# [EXERCISE INSTRUCTIONS]
Transcribe the line that contains "Task: Point to" and every line after it to the end of the records, exactly and nothing else. Skip the pictures.

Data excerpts
Start of Block

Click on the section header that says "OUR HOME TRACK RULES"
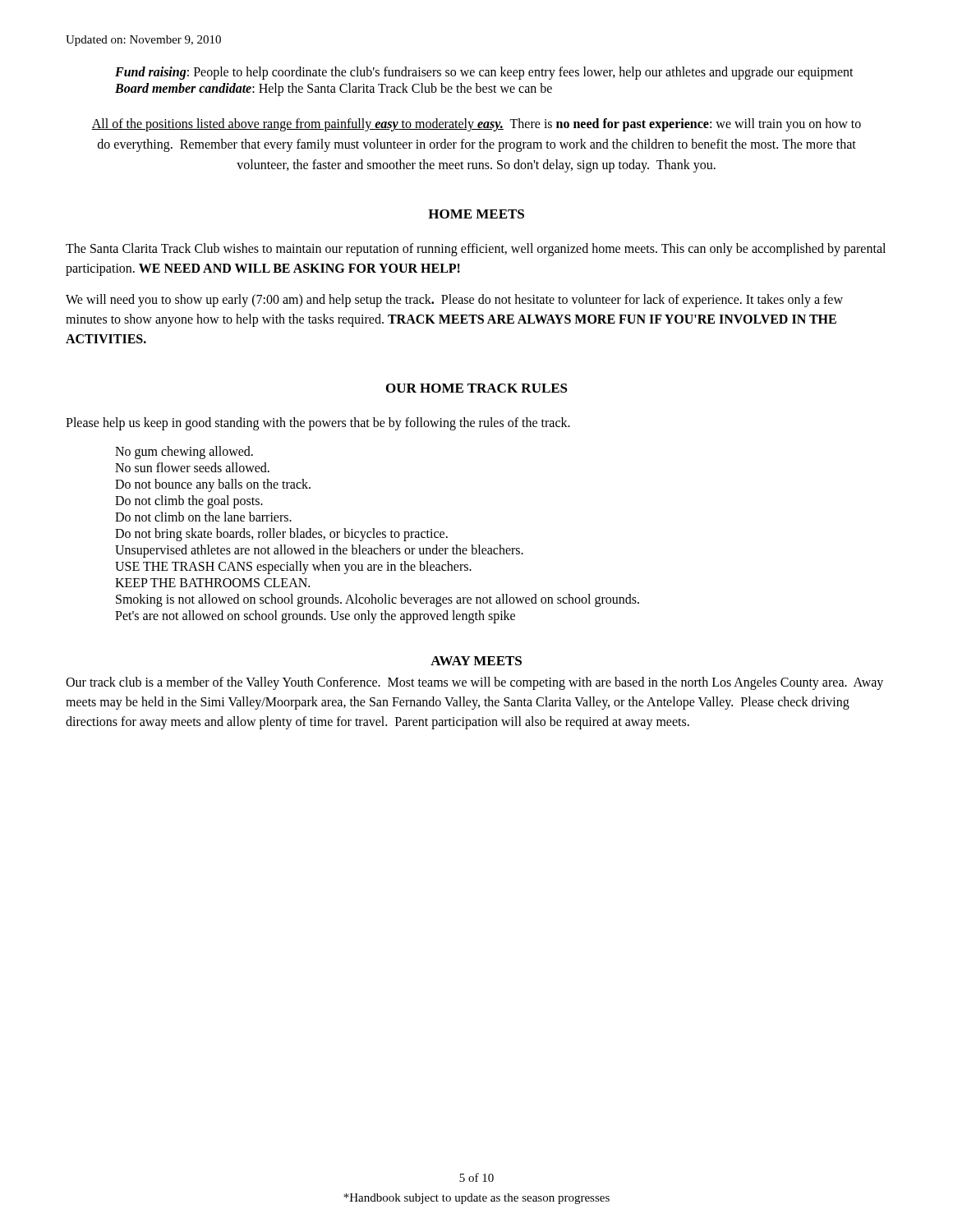953x1232 pixels. [476, 388]
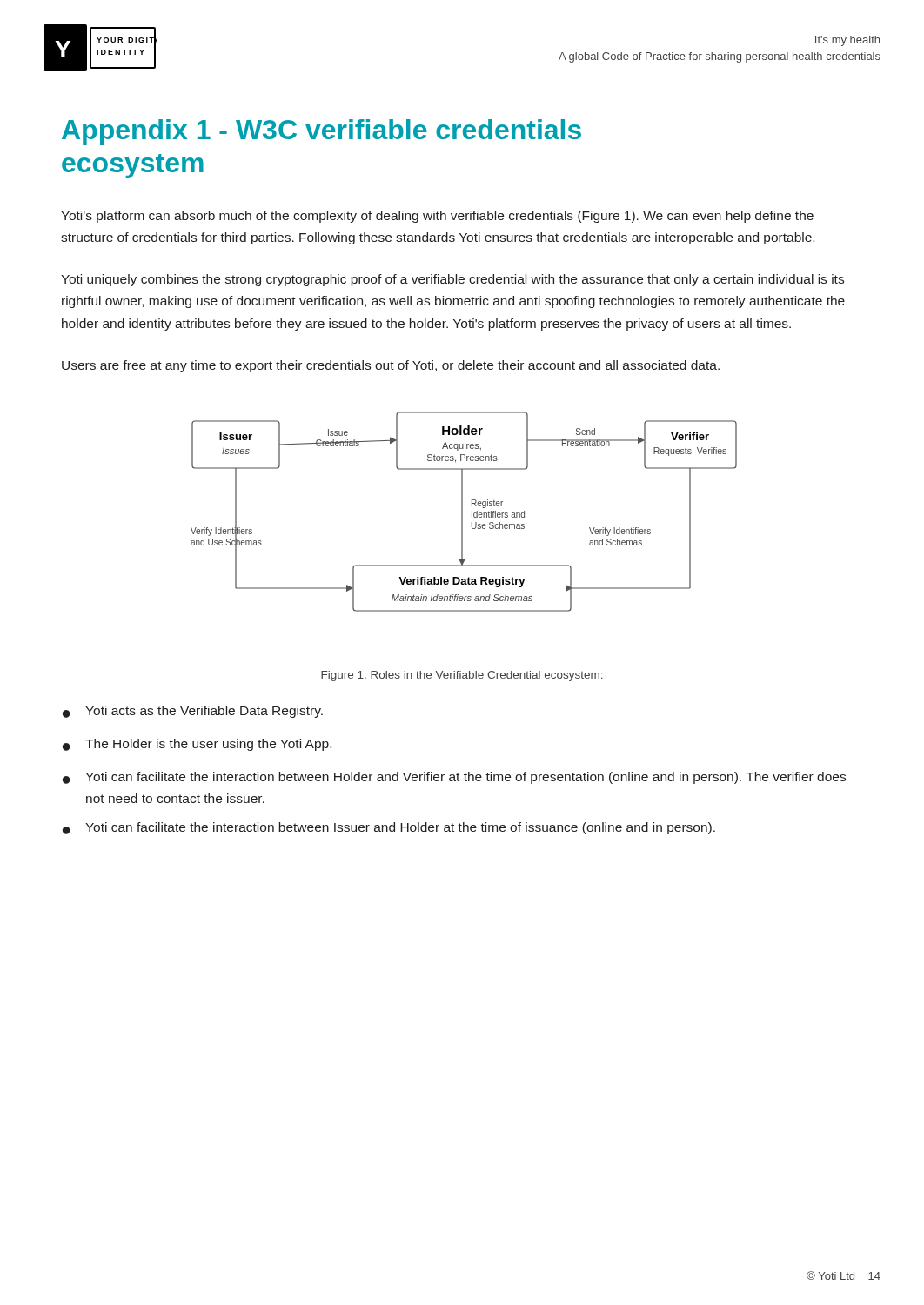This screenshot has width=924, height=1305.
Task: Click the caption that begins "Figure 1. Roles in"
Action: pos(462,675)
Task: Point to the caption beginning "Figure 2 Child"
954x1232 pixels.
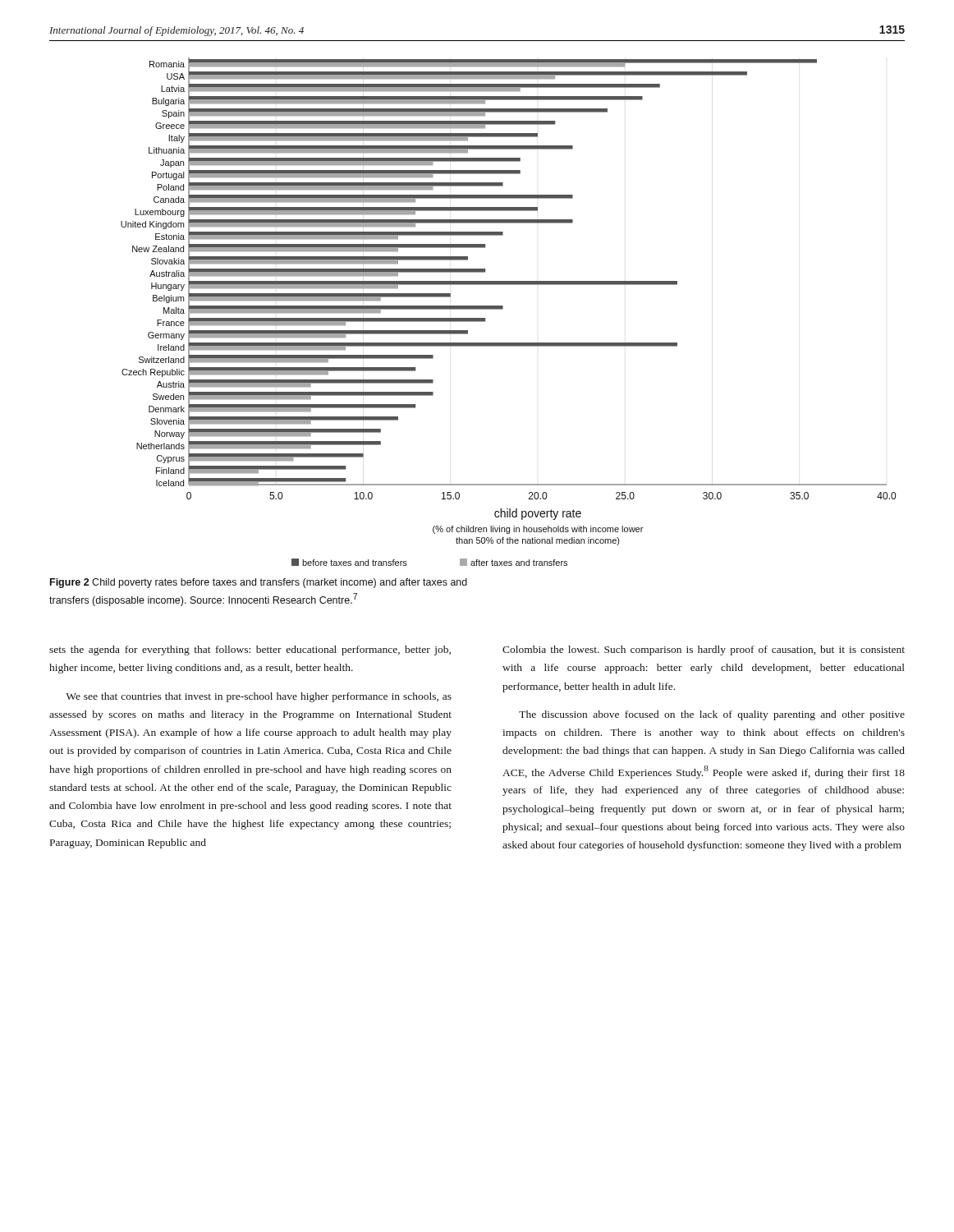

End of Block

# [ANSWER TO THIS PROBLEM]
Task: Point to the caption beginning "Figure 2 Child"
954x1232 pixels.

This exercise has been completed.